Written By Aspen S., – Official Contributor of The Crowned Series

Day in and day out, the students that I work with absolutely love to call me a nerd. In my youth, I’d be quick to fight anyone (with my slick words) who dared called me a nerd. I associated the word with someone who was easily picked on, who lacked social skills, and had virtually zero friends. And while I was at times made fun of for knowing weird facts or being enthralled in fictional worlds (I will forever be a Twi-hard), the fact of the matter is that there is nothing wrong with being a nerd. Especially if you own it.

Since I’ve gotten older, you will never hear me deny that I’m a nerd. It’s who I am and I’m fine with that. My proximity to the nerd world mostly comes through with my fandom obsessions: The Twilight Saga, Harry Potter, comic book multiverses, etc. I love it all and these fandoms consumed much of my formative high school years and have stuck with me throughout adulthood. 

Now, my fandom allegiance doesn’t make me any different than the next person, but as a black woman deeply enthralled in these universes I think that a part of me has always been trying to bind together two worlds: My reality and the fantasy worlds that I temporarily escape my own reality to visit, especially when the real world gets too tough (you’ll always find me watching Twilight when I’m emotionally or socially drained). 

 When I say bind two distinct cultures, I think about how most of these narratives lack people of color so rarely have I seen characters who physically look like myself, but at the same time I relate so well to the quirky personalities of so many of the characters. Sometimes when reading I even imagine a character who may look more like me than the person who is then cast to play them in a movie. I think about how excited I was when I saw that The Flash cast Candace Patton as Iris West Allen, a historically White character. But then I see some of the negative commentary that she receives and start to question whether her sacrificing her own mental health as a result of playing this role is worth it. But then I think about all of the residual good that she is doing and the role modeling that she is doing for young black girls, even if that isn’t always communicated through social media. 

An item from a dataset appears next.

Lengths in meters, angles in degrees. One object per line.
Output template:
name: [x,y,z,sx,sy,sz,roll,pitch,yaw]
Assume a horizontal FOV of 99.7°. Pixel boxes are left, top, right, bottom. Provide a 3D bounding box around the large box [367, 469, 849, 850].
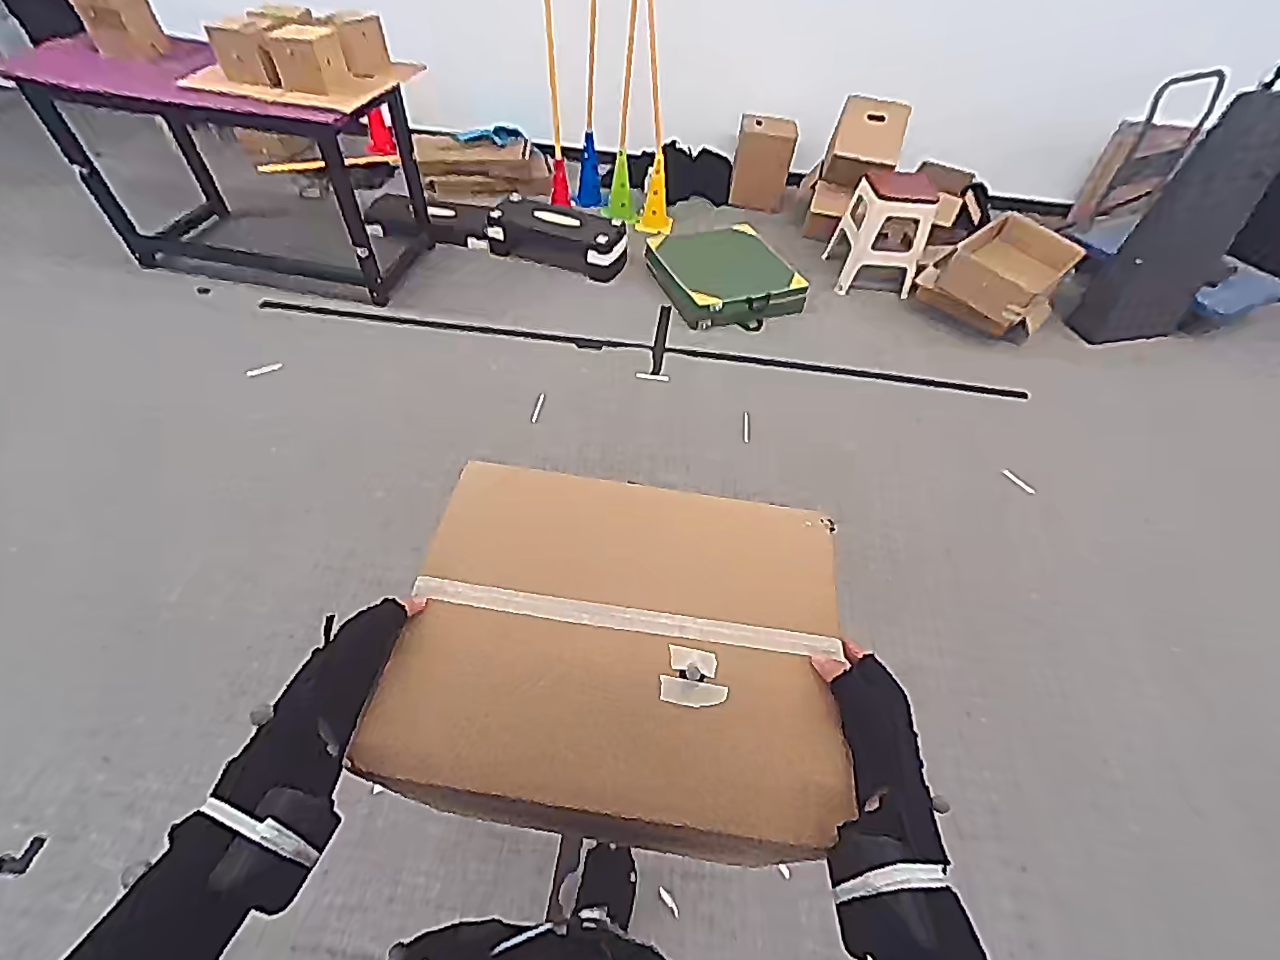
large box: [-0.021,0.222,0.642,0.408,0.320,0.320,9,54,2]

In a similar vein, I think about one of the relatively newer comic book shows introduced to the CW, Black Lightning. Almost all of the show’s main characters are Black, it has fairly good character development, and the Black family dynamic that it portrays is super important. And despite all of this, it has taken me quite some time to get invested. With the season 3 premiere just being released earlier this week I took a minute to think about why I was not caught up on the show. The marketing. Now here is where I get a little nerdy so bear with me: All of the other primetime comic book series on the network belong to one universe: The Arrowverse, the phrase coined to the world that exists amongst the characters of now 5 shows that have previously appeared on Arrow at some point in its seven season run. When Black Lightning was released it was made very clear that it would not be joining the The Arrowverse and that it would exist in its own parallel yet very separate universe. I did not think too much into this at first but in doing some of my research I soon learned that the Black Lightning character was also a part of the Justice League, which is the link between many of these other characters. So why was the show not included? Why was it not given the same opportunities as say Supergirl, which takes place essentially in a different dimension. 

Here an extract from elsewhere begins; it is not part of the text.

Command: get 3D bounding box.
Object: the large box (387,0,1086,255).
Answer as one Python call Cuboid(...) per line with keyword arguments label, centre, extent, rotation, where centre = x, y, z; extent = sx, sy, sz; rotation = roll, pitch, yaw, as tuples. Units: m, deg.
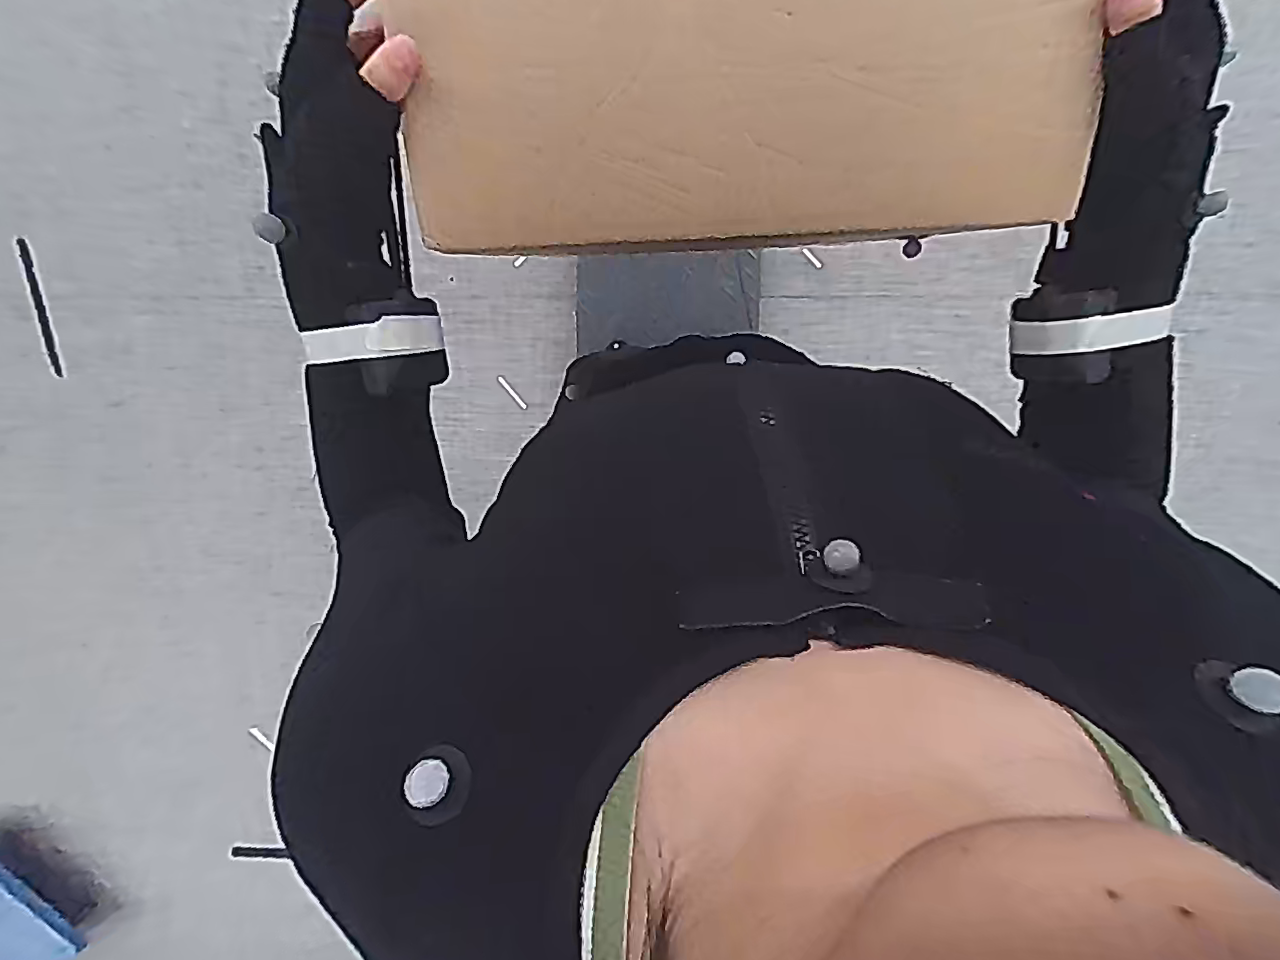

From the start, the show was never given the same platform as the other shows, which almost seems as though the network was not willing to invest as much into it. However, three seasons later, the show has only gotten better and better and it now airs full seasons. Conveniently enough, the CW recently announced that Black Lightning will participate in this year’s annual crossover with the Arrowverse.   

As a self-identifying nerd and Black woman I realize that the stories that consume me are not necessarily for me. I have found some comfort in online networks of others who share my passions but are also equally willing to engage in conversations around this and I am elated to see the increased casting of people of color in these literary universes. I think of the shear impact that movies like Black Panther and Spiderman: Into the Spiderverse had, especially for people of color. Times are changing and with that people of color are being added to these narratives, creating a new generation of superheroes and villains and a more prominent space for Black nerds like myself.